On the best and worst parts of writing a book:

My favorite part is writing the cases, writing the stories. I like to take complex ideas and translate them into simple, accessible language. I think that’s one of the things that I probably do best. The worst part is that I’m a majorly associative thinker.

I start in one place, and ten minutes later I’m completely somewhere else. I need an editor that functions like a GPS, and tells me all the time, “Recalculating, recalculating!” I have no shortage of content. I have no shortage of ideas. But when I’m in front of a page or a screen nothing frames me. I have enormous respect for editors.

On her appeal:

I think it’s a combination of things. You could say it’s the accent. I know my thinking is very male-friendly. My books and my podcasts and my YouTube videos are watched by quantities of men who then bring it to their partners. My view is nonjudgmental. My views are cross-cultural, so I’m not talking to just Americans. They are inclusive, so when I talk about sexuality, I take a rather inclusive perspective that integrates the changes that are occurring around sexuality, identity, gender fluidity, all that. When I do the podcast, I have gay couples, straight couples, trans couples. A couple is a couple.
I say things that are complicated — complex, not complicated — but I can say them in simple language, and sometimes very succinctly.

On trying to have normal relationships when you are a relationships expert:

If you’re an artist, you go into the city and look for colors, for life, for shapes, for beauty, for themes. I think it’s not different for a therapist. You use that lens.

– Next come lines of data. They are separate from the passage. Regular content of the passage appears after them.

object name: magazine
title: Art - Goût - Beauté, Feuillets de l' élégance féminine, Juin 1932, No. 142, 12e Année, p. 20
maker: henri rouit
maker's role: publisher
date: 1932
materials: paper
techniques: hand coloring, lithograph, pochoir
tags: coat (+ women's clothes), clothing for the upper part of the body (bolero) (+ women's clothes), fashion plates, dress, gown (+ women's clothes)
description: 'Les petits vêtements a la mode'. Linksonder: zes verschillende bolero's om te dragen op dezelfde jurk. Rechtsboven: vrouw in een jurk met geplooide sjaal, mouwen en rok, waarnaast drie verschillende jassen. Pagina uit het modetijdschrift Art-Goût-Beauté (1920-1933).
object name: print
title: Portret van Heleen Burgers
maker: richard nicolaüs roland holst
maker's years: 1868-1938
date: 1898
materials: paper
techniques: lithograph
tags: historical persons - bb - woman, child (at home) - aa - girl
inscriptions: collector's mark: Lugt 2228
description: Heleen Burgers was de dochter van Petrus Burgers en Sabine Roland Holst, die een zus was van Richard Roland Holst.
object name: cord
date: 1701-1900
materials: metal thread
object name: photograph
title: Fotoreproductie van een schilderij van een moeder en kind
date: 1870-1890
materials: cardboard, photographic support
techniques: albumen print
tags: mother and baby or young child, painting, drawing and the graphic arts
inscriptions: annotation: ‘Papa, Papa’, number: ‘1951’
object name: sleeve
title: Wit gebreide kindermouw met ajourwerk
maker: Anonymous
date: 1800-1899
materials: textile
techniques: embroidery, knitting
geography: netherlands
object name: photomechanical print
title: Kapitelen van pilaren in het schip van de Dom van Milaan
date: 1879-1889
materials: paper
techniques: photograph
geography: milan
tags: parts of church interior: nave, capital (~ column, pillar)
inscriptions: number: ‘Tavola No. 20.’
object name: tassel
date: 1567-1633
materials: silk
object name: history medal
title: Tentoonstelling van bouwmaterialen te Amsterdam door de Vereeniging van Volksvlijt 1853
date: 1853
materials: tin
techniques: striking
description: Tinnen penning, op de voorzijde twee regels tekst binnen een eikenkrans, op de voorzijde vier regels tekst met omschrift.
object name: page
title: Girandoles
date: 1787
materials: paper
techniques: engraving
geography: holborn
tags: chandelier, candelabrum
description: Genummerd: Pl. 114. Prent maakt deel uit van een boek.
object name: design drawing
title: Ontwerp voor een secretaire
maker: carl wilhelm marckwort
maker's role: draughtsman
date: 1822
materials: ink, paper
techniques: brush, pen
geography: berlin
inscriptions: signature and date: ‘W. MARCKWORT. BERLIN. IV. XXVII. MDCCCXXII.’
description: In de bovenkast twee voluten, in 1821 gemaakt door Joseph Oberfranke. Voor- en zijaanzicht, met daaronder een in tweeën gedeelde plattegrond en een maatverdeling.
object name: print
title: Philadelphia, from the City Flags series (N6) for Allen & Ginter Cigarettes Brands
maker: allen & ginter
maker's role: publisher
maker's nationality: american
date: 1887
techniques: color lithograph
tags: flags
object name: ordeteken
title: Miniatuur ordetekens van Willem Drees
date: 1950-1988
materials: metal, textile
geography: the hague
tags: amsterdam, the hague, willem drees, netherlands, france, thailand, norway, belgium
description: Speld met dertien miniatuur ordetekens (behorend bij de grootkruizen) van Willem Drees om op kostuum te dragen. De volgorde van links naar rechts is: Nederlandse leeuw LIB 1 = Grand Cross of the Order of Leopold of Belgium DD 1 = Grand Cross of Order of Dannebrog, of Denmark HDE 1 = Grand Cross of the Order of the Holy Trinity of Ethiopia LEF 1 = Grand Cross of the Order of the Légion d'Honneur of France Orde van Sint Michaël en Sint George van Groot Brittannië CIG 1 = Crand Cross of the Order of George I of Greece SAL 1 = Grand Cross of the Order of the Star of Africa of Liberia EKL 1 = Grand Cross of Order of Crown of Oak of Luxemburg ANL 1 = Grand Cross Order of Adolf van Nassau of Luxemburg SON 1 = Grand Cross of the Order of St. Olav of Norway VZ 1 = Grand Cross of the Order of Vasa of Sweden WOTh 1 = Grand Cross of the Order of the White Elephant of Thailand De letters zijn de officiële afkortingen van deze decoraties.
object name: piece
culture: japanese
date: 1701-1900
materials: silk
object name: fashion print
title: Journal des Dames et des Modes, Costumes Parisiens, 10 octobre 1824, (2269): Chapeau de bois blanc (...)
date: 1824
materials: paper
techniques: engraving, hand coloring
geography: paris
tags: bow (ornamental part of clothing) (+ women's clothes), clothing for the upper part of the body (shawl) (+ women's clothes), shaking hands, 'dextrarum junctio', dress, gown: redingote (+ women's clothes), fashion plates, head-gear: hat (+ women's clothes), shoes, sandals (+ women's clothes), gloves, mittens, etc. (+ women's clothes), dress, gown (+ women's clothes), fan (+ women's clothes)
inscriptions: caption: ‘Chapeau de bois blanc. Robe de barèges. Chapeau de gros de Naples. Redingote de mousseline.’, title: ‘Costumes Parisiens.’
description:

It’s the lens that helps you see movies, helps you read a book. People don’t come to me to talk about their mechanical problems in their cars. I like the lens! I like the intellectual repartee I have with my husband about our work. And from my sons, what can I learn about their cohort, their generation? I’m voraciously curious and a little bit of an anthropologist wherever I am.

On her free time:

It’s a little difficult because I’m at the beginning of a book tour and I have 32 talks scheduled in the next six weeks. I bike a lot. I bike every day in New York, all the time. I’m a Belgian girl, after all. I meet friends. I go to museums. I go for walks. I travel a lot; I took a month this summer and I went to Berlin and Greece. I like to be away.

My free time, when I have more than a day, is often about being away from my life. I don’t want much TV at all. I was a consultant on the Showtime series The Affair, so I did watch that. I throw dinner parties. I’m no gourmet cook, by far, but I can put together a nice meal — simple, good food, like tagines and fish stew and lemon chicken. I love to see live performances. As a good boomer, I am going to see Paul McCartney tomorrow night. Not that I ever listen to him, but he’s my generation. I should at least see what became of him.